A stone falls freely such that the distance covered by it in the last second of its motion is equal to the distance covered by it in the first 5 seconds. It remained in air for :-

To solve the problem, let's break it down step by step. ### Step 1: Understand the Problem We need to find the total time \( t \) for which the stone remains in the air. We know that the distance covered in the last second of the motion is equal to the distance covered in the first 5 seconds. ### Step 2: Use the Equation for Distance in Free Fall The distance \( s \) covered by a freely falling object can be calculated using the formula: \[ s = ut + \frac{1}{2}gt^2 \] Since the stone is falling freely from rest, the initial velocity \( u = 0 \).
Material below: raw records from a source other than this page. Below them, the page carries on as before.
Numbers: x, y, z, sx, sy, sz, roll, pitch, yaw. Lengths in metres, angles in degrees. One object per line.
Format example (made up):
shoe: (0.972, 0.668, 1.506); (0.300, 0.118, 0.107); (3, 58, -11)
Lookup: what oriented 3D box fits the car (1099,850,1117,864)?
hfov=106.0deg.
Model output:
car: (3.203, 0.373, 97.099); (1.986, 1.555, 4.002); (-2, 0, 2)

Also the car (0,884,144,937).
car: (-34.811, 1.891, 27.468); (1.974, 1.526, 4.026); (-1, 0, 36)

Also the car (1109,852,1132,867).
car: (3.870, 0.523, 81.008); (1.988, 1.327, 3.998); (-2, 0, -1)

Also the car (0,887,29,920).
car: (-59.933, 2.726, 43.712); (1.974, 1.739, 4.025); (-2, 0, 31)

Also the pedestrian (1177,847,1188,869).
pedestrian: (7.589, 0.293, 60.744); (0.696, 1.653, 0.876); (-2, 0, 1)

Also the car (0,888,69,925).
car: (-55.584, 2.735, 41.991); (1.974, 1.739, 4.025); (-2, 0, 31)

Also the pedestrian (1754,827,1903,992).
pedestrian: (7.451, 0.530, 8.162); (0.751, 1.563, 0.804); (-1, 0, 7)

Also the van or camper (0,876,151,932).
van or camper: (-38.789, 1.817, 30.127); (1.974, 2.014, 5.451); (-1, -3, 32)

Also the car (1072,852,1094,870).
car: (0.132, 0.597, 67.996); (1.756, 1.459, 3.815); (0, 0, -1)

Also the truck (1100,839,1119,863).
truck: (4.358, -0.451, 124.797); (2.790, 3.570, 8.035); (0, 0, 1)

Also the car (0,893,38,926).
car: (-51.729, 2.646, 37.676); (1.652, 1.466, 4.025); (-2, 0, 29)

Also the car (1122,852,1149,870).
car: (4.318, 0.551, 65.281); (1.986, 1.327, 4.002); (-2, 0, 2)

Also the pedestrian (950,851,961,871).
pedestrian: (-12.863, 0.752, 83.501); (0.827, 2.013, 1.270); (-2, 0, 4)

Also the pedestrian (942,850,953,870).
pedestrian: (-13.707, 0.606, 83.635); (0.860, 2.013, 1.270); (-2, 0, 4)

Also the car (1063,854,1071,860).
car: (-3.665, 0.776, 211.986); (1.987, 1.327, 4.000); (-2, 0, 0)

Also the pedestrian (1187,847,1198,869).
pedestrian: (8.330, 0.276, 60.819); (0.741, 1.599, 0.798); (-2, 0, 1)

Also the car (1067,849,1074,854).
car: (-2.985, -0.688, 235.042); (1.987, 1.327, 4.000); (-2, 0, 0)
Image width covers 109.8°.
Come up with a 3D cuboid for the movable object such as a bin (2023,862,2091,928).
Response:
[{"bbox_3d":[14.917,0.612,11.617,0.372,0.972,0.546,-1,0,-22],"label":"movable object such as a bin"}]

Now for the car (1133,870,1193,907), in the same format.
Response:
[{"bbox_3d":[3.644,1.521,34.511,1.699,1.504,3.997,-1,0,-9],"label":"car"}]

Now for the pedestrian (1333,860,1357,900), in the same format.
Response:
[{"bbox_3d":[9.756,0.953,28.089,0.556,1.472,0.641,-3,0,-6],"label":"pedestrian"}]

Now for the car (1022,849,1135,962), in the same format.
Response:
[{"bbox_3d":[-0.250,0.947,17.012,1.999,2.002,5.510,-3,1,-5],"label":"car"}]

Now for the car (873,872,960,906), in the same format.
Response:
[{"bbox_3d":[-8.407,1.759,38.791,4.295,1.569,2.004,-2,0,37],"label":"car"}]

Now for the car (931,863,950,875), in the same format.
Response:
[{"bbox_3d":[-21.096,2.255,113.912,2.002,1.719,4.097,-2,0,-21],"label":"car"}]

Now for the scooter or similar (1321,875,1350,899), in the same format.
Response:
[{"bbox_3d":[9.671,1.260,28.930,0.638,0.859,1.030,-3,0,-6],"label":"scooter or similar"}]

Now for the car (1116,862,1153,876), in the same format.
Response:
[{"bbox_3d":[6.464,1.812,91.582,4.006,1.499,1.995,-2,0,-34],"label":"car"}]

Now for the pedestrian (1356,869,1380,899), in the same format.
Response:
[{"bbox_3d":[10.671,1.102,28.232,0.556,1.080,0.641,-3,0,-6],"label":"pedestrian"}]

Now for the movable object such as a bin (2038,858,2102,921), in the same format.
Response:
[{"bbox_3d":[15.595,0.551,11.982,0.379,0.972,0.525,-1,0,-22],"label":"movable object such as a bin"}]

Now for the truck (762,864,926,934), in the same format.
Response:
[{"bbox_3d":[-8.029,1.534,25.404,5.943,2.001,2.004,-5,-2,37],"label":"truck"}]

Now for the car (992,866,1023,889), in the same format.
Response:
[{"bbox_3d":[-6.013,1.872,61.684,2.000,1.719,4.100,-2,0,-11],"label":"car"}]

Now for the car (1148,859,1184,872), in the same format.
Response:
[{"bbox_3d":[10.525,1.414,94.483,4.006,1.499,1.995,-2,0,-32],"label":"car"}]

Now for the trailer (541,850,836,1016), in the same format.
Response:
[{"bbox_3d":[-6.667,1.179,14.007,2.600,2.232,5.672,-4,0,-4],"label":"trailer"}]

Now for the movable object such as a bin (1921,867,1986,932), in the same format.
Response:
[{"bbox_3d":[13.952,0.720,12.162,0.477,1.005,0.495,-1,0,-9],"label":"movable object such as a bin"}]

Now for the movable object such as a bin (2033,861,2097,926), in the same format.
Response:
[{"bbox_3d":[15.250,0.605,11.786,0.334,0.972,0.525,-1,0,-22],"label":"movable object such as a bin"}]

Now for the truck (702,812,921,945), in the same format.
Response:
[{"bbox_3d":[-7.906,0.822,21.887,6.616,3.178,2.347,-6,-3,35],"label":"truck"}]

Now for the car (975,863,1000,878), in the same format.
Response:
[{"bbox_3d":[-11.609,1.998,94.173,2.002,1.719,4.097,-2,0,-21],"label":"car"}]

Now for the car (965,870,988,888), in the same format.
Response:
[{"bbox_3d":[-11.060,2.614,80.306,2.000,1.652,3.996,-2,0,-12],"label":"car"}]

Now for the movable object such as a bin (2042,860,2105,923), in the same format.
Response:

Thus, the formula simplifies to: \[ s = \frac{1}{2}gt^2 \] ### Step 3: Calculate Distance in the First 5 Seconds Using the formula for the first 5 seconds: \[ s_{5} = \frac{1}{2}g(5^2) = \frac{1}{2}g(25) = \frac{25g}{2} \] ### Step 4: Calculate Distance in the Last Second The distance covered in the last second can be calculated using the formula for distance in the \( n \)-th second: \[ s_n = u + \frac{1}{2}g(2t - 1) \] Again, since \( u = 0 \): \[ s_{last} = \frac{1}{2}g(2t - 1) \] ### Step 5: Set the Distances Equal According to the problem, the distance covered in the last second is equal to the distance covered in the first 5 seconds: \[ \frac{1}{2}g(2t - 1) = \frac{25g}{2} \] ### Step 6: Simplify the Equation We can cancel \( \frac{1}{2}g \) from both sides (assuming \( g \neq 0 \)): \[ 2t - 1 = 25 \] ### Step 7: Solve for \( t \) Now, solve for \( t \): \[ 2t = 25 + 1 \] \[ 2t = 26 \] \[ t = \frac{26}{2} = 13 \text{ seconds} \] ### Conclusion The stone remained in the air for **13 seconds**. ---